While I appreciate the craftsmanship that went into this, to my eye the proportions seem wrong. This style of car needs to be long to make the design work, particularly the back end. The oversized wheels don’t quite work for me either. Just one person’s opinion.
It's starting to look like lots of people think the proportions and rims/wheels/windshield are just not long enouf. Not knockin' the guy just throwin' out an opinion.
To my eye, this is a great creation and if it was manufactured in the time period it was meant to replicate it would have been in strong demand. Wish I had the money.

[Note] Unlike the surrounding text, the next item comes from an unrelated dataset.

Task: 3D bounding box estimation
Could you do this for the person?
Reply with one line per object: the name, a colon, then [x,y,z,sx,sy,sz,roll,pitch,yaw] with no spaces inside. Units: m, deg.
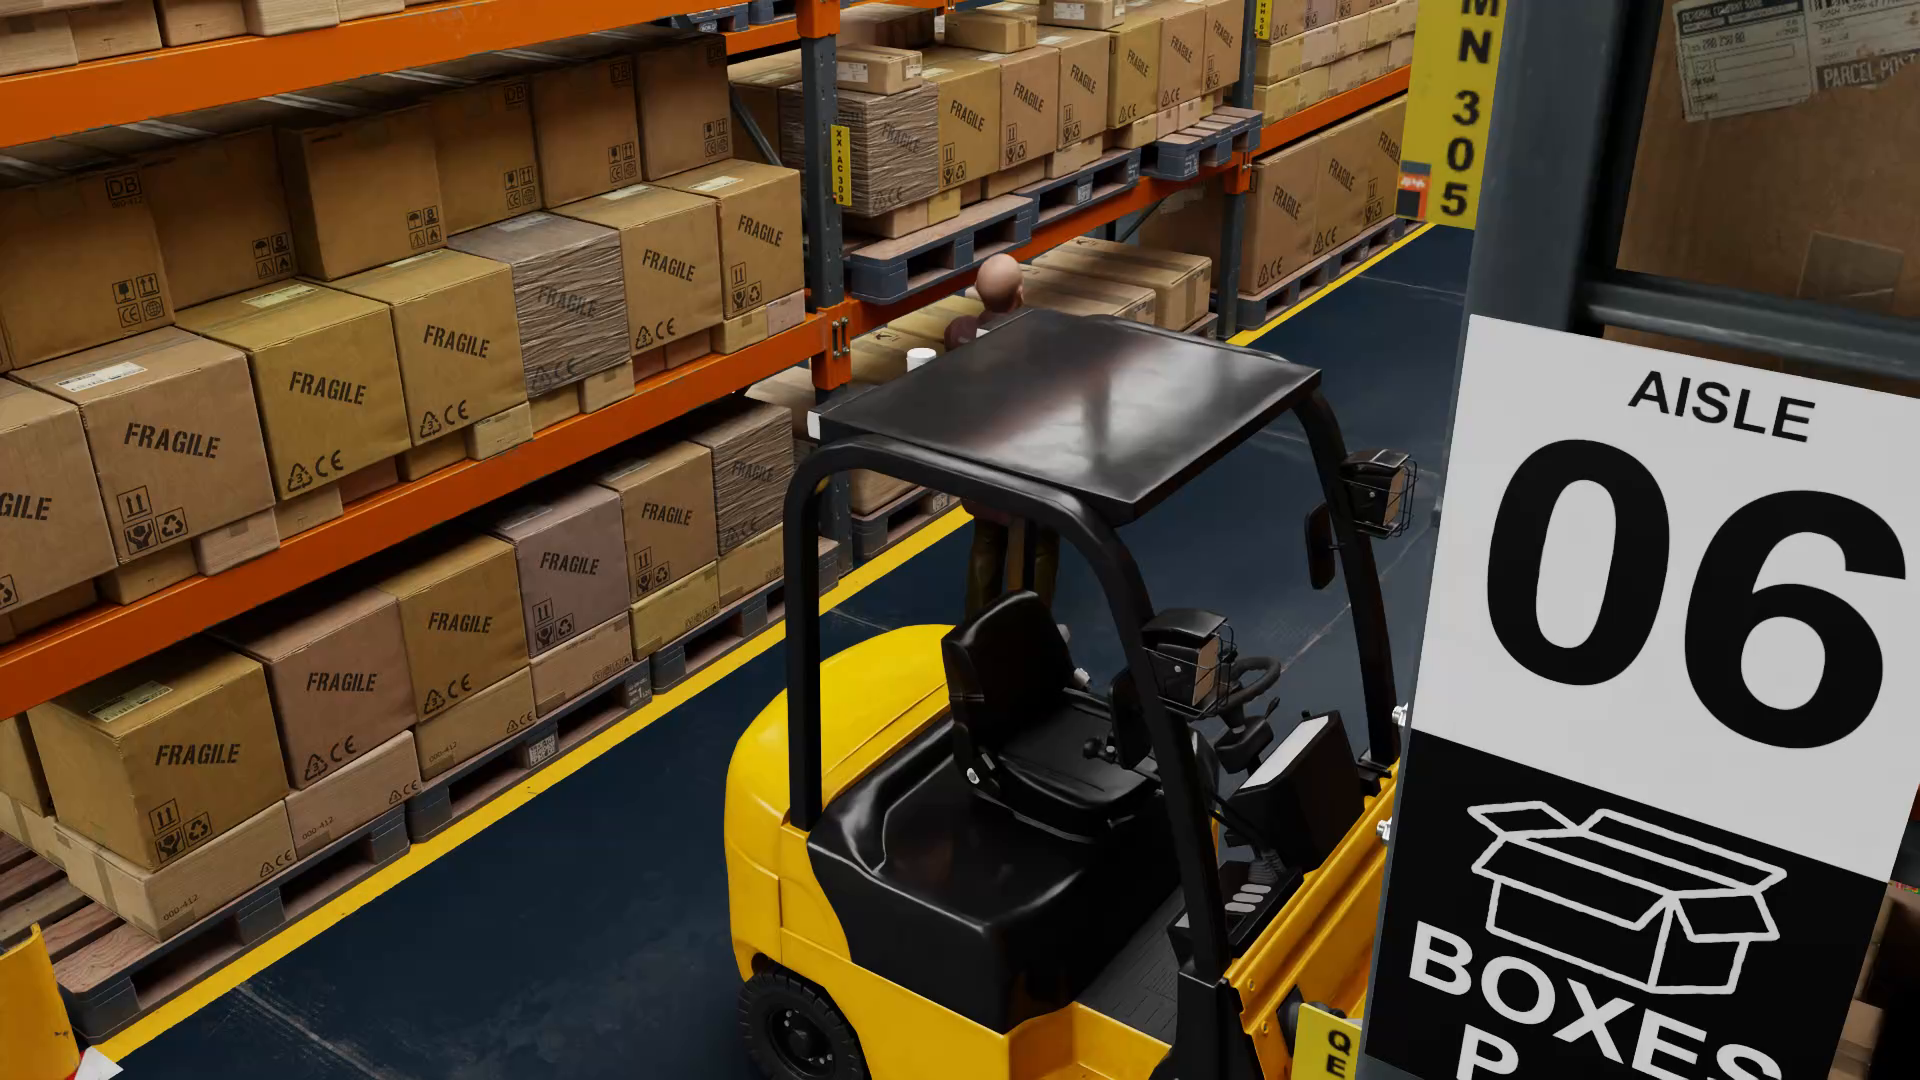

As the grandson of a Chrysler, Plymouth, Imperial dealer I have mixed emotions about this project. The craftsmanship is impressive for sure. Not a fan of the windshield, the wheels or the body size. Think the car would still be impressive with the body of the original 2 door convertible. I own a 59 Imperial 4 door that is a survivor car and was my grandmothers dealer demo. The one comment I always get is that car is beautiful and it is huge!! While I appreciate Mr. Pfaff's concept I always hate to see a good restorable vehicle chopped up.
I want to love this, but I can't get over the front fenders abrupt connection to the door. This is accentuated by the chrome spear that stops at the door jamb. I think this chrome piece should have continued along the door another foot or so to where the crease in the door stops.